最近やっと下の息子が幼稚園に行き始めました。週2.3日ではありますが、自分の時間が数時間持てるようになりました。上の娘が産まれてここまでくるのに7年以上待ちました。

時には自分の時間が持てず、行きたいところにも行けず、イライラしたこともありましたが 絶対子育ては幼稚園に行くまでは100%時間がある限り向き合っていたい という意思は変わらなかったので、それが出来たことは嬉しいです。

そろそろ子供の方から外の世界に歩き出して行く時になりましたので、ちょこちょこ自分のやりたかった事にも手をだして行こうと思います。

一番に娘の七歳のお祝いに着物を着せました。いつもいつも私の着付けの練習代になってくれる娘 男児の袴も文句をいわず着てくれるいい子です。この日は練習台ではなく彼女のためにスタイリング&着付けです。
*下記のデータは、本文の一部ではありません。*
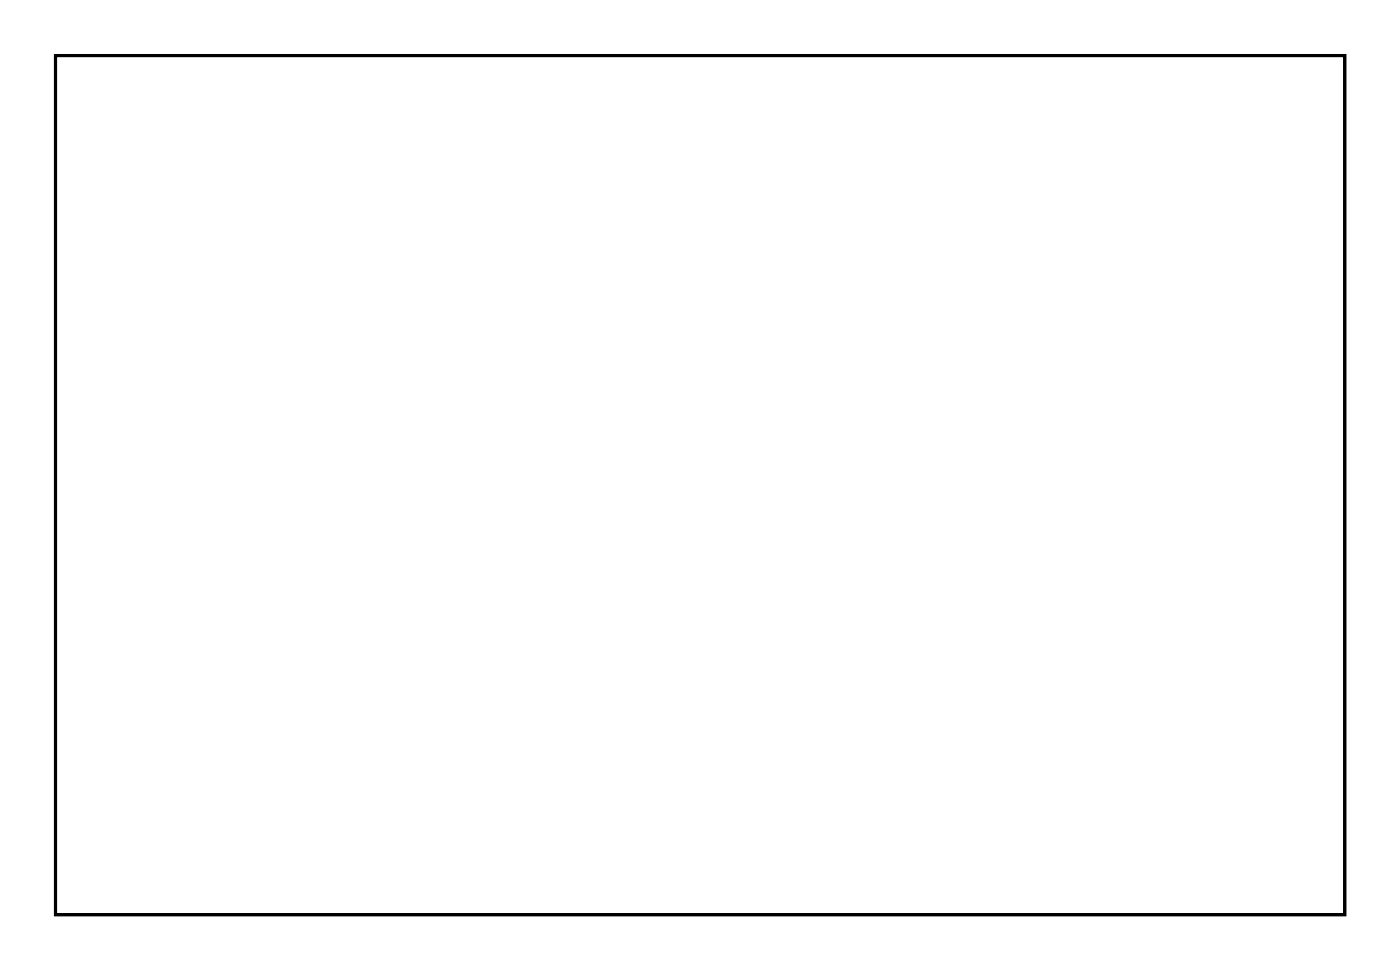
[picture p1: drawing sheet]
<svg xmlns="http://www.w3.org/2000/svg" width="92mm" height="63mm" viewBox="0 0 92 63" stroke-linecap="round" stroke-linejoin="round" font-family="sans-serif">
<path d="M3.6 3.6h84.5v56.3h-84.5z" fill="none" stroke="#000" stroke-width=".2"/>
<path d="M3.6 3.6v56.3h84.5v-56.3zM3.6 3.6h84.5v56.3h-84.5z" fill="#000"/>
<circle cx="85.4" cy="17.4" r=".67" fill="#fff"/>
<circle cx="85.4" cy="17.4" r=".67" fill="none" stroke="#fff" stroke-width=".69" stroke-linecap="butt"/>
<path d="M84.7 16.7h1.4v1.3h-1.4z" fill="#fff"/>
<path d="M84.7 16.7h1.4v1.3h-1.4z" fill="none" stroke="#fff" stroke-width=".69" stroke-linecap="butt"/>
<circle cx="85.4" cy="19.9" r=".67" fill="#fff"/>
<circle cx="85.4" cy="19.9" r=".67" fill="none" stroke="#fff" stroke-width=".69" stroke-linecap="butt"/>
<circle cx="85.4" cy="22.4" r=".67" fill="#fff"/>
<circle cx="85.4" cy="22.4" r=".67" fill="none" stroke="#fff" stroke-width=".69" stroke-linecap="butt"/>
<circle cx="85.4" cy="25" r=".67" fill="#fff"/>
<circle cx="85.4" cy="25" r=".67" fill="none" stroke="#fff" stroke-width=".69" stroke-linecap="butt"/>
<circle cx="85.4" cy="27.5" r=".67" fill="#fff"/>
<circle cx="85.4" cy="27.5" r=".67" fill="none" stroke="#fff" stroke-width=".69" stroke-linecap="butt"/>
<circle cx="85.4" cy="30.1" r=".67" fill="#fff"/>
<circle cx="85.4" cy="30.1" r=".67" fill="none" stroke="#fff" stroke-width=".69" stroke-linecap="butt"/>
<circle cx="85.4" cy="32.6" r=".67" fill="#fff"/>
<circle cx="85.4" cy="32.6" r=".67" fill="none" stroke="#fff" stroke-width=".69" stroke-linecap="butt"/>
<circle cx="85.4" cy="35.1" r=".67" fill="#fff"/>
<circle cx="85.4" cy="35.1" r=".67" fill="none" stroke="#fff" stroke-width=".69" stroke-linecap="butt"/>
<circle cx="85.4" cy="37.7" r=".67" fill="#fff"/>
<circle cx="85.4" cy="37.7" r=".67" fill="none" stroke="#fff" stroke-width=".69" stroke-linecap="butt"/>
<circle cx="85.4" cy="40.2" r=".67" fill="#fff"/>
<circle cx="85.4" cy="40.2" r=".67" fill="none" stroke="#fff" stroke-width=".69" stroke-linecap="butt"/>
<circle cx="85.4" cy="42.8" r=".67" fill="#fff"/>
<circle cx="85.4" cy="42.8" r=".67" fill="none" stroke="#fff" stroke-width=".69" stroke-linecap="butt"/>
<circle cx="85.4" cy="45.3" r=".67" fill="#fff"/>
<circle cx="85.4" cy="45.3" r=".67" fill="none" stroke="#fff" stroke-width=".69" stroke-linecap="butt"/>
<circle cx="85.4" cy="47.8" r=".67" fill="#fff"/>
<circle cx="85.4" cy="47.8" r=".67" fill="none" stroke="#fff" stroke-width=".69" stroke-linecap="butt"/>
<circle cx="85.4" cy="50.4" r=".67" fill="#fff"/>
<circle cx="85.4" cy="50.4" r=".67" fill="none" stroke="#fff" stroke-width=".69" stroke-linecap="butt"/>
<circle cx="85.4" cy="52.9" r=".67" fill="#fff"/>
<circle cx="85.4" cy="52.9" r=".67" fill="none" stroke="#fff" stroke-width=".69" stroke-linecap="butt"/>
<circle cx="70.1" cy="17.4" r=".67" fill="#fff"/>
<circle cx="70.1" cy="17.4" r=".67" fill="none" stroke="#fff" stroke-width=".69" stroke-linecap="butt"/>
<circle cx="70.1" cy="19.9" r=".67" fill="#fff"/>
<circle cx="70.1" cy="19.9" r=".67" fill="none" stroke="#fff" stroke-width=".69" stroke-linecap="butt"/>
<circle cx="70.1" cy="22.4" r=".67" fill="#fff"/>
<circle cx="70.1" cy="22.4" r=".67" fill="none" stroke="#fff" stroke-width=".69" stroke-linecap="butt"/>
<circle cx="70.1" cy="25" r=".67" fill="#fff"/>
<circle cx="70.1" cy="25" r=".67" fill="none" stroke="#fff" stroke-width=".69" stroke-linecap="butt"/>
<circle cx="70.1" cy="27.5" r=".67" fill="#fff"/>
<circle cx="70.1" cy="27.5" r=".67" fill="none" stroke="#fff" stroke-width=".69" stroke-linecap="butt"/>
<circle cx="70.1" cy="30.1" r=".67" fill="#fff"/>
<circle cx="70.1" cy="30.1" r=".67" fill="none" stroke="#fff" stroke-width=".69" stroke-linecap="butt"/>
<circle cx="70.1" cy="32.6" r=".67" fill="#fff"/>
<circle cx="70.1" cy="32.6" r=".67" fill="none" stroke="#fff" stroke-width=".69" stroke-linecap="butt"/>
<circle cx="70.1" cy="35.1" r=".67" fill="#fff"/>
<circle cx="70.1" cy="35.1" r=".67" fill="none" stroke="#fff" stroke-width=".69" stroke-linecap="butt"/>
<circle cx="70.1" cy="37.7" r=".67" fill="#fff"/>
<circle cx="70.1" cy="37.7" r=".67" fill="none" stroke="#fff" stroke-width=".69" stroke-linecap="butt"/>
<circle cx="70.1" cy="40.2" r=".67" fill="#fff"/>
<circle cx="70.1" cy="40.2" r=".67" fill="none" stroke="#fff" stroke-width=".69" stroke-linecap="butt"/>
<circle cx="70.1" cy="42.8" r=".67" fill="#fff"/>
<circle cx="70.1" cy="42.8" r=".67" fill="none" stroke="#fff" stroke-width=".69" stroke-linecap="butt"/>
<circle cx="70.1" cy="45.3" r=".67" fill="#fff"/>
<circle cx="70.1" cy="45.3" r=".67" fill="none" stroke="#fff" stroke-width=".69" stroke-linecap="butt"/>
<circle cx="70.1" cy="47.8" r=".67" fill="#fff"/>
<circle cx="70.1" cy="47.8" r=".67" fill="none" stroke="#fff" stroke-width=".69" stroke-linecap="butt"/>
<circle cx="70.1" cy="50.4" r=".67" fill="#fff"/>
<circle cx="70.1" cy="50.4" r=".67" fill="none" stroke="#fff" stroke-width=".69" stroke-linecap="butt"/>
<circle cx="70.1" cy="52.9" r=".67" fill="#fff"/>
<circle cx="70.1" cy="52.9" r=".67" fill="none" stroke="#fff" stroke-width=".69" stroke-linecap="butt"/>
<circle cx="19.3" cy="7.2" r=".72" fill="#fff"/>
<circle cx="19.3" cy="7.2" r=".72" fill="none" stroke="#fff" stroke-width=".69" stroke-linecap="butt"/>
<circle cx="19.3" cy="9.7" r=".72" fill="#fff"/>
<circle cx="19.3" cy="9.7" r=".72" fill="none" stroke="#fff" stroke-width=".69" stroke-linecap="butt"/>
<circle cx="19.3" cy="12.3" r=".72" fill="#fff"/>
<circle cx="19.3" cy="12.3" r=".72" fill="none" stroke="#fff" stroke-width=".69" stroke-linecap="butt"/>
<circle cx="19.3" cy="14.8" r=".72" fill="#fff"/>
<circle cx="19.3" cy="14.8" r=".72" fill="none" stroke="#fff" stroke-width=".69" stroke-linecap="butt"/>
<circle cx="19.3" cy="17.4" r=".72" fill="#fff"/>
<circle cx="19.3" cy="17.4" r=".72" fill="none" stroke="#fff" stroke-width=".69" stroke-linecap="butt"/>
<circle cx="19.3" cy="19.9" r=".72" fill="#fff"/>
<circle cx="19.3" cy="19.9" r=".72" fill="none" stroke="#fff" stroke-width=".69" stroke-linecap="butt"/>
<circle cx="32" cy="47.8" r=".78" fill="#fff"/>
<circle cx="32" cy="47.8" r=".78" fill="none" stroke="#fff" stroke-width=".51"/>
<circle cx="47.3" cy="47.8" r=".78" fill="#fff"/>
<circle cx="47.3" cy="47.8" r=".78" fill="none" stroke="#fff" stroke-width=".51"/>
<circle cx="47.3" cy="55.5" r=".78" fill="#fff"/>
<circle cx="47.3" cy="55.5" r=".78" fill="none" stroke="#fff" stroke-width=".51"/>
<circle cx="29.5" cy="55.5" r=".78" fill="#fff"/>
<circle cx="29.5" cy="55.5" r=".78" fill="none" stroke="#fff" stroke-width=".51"/>
<circle cx="37.1" cy="55.5" r=".78" fill="#fff"/>
<circle cx="37.1" cy="55.5" r=".78" fill="none" stroke="#fff" stroke-width=".51"/>
<circle cx="13.2" cy="34.1" r=".76" fill="#fff"/>
<circle cx="13.2" cy="34.1" r=".76" fill="none" stroke="#fff" stroke-width=".76" stroke-linecap="butt"/>
<circle cx="13.2" cy="39.1" r=".76" fill="#fff"/>
<circle cx="13.2" cy="39.1" r=".76" fill="none" stroke="#fff" stroke-width=".76" stroke-linecap="butt"/>
<circle cx="13.2" cy="44.2" r=".76" fill="#fff"/>
<circle cx="13.2" cy="44.2" r=".76" fill="none" stroke="#fff" stroke-width=".76" stroke-linecap="butt"/>
<path d="M12.4 28.2h1.5v1.5h-1.5z" fill="#fff"/>
<path d="M12.4 28.2h1.5v1.5h-1.5z" fill="none" stroke="#fff" stroke-width=".76" stroke-linecap="butt"/>
<circle cx="13.2" cy="29" r=".76" fill="#fff"/>
<circle cx="13.2" cy="29" r=".76" fill="none" stroke="#fff" stroke-width=".76" stroke-linecap="butt"/>
</svg>

何度も家でリハーサルして帯結びも練習して・・でそれも文句も言わず必死に耐えてました。 

普通の子なら着物を着せてもらう事は特別な事なんでしょうけどウチの場合は何度となく練習台で着せられているので、「また~?」ってな顔で付き合ってくれてます。 笑

最初は古典的なオレンジ着物、1度日本で買ってきた違う着物を着せてみたのですが、納得いかずもう一度違うものをネットで購入しました。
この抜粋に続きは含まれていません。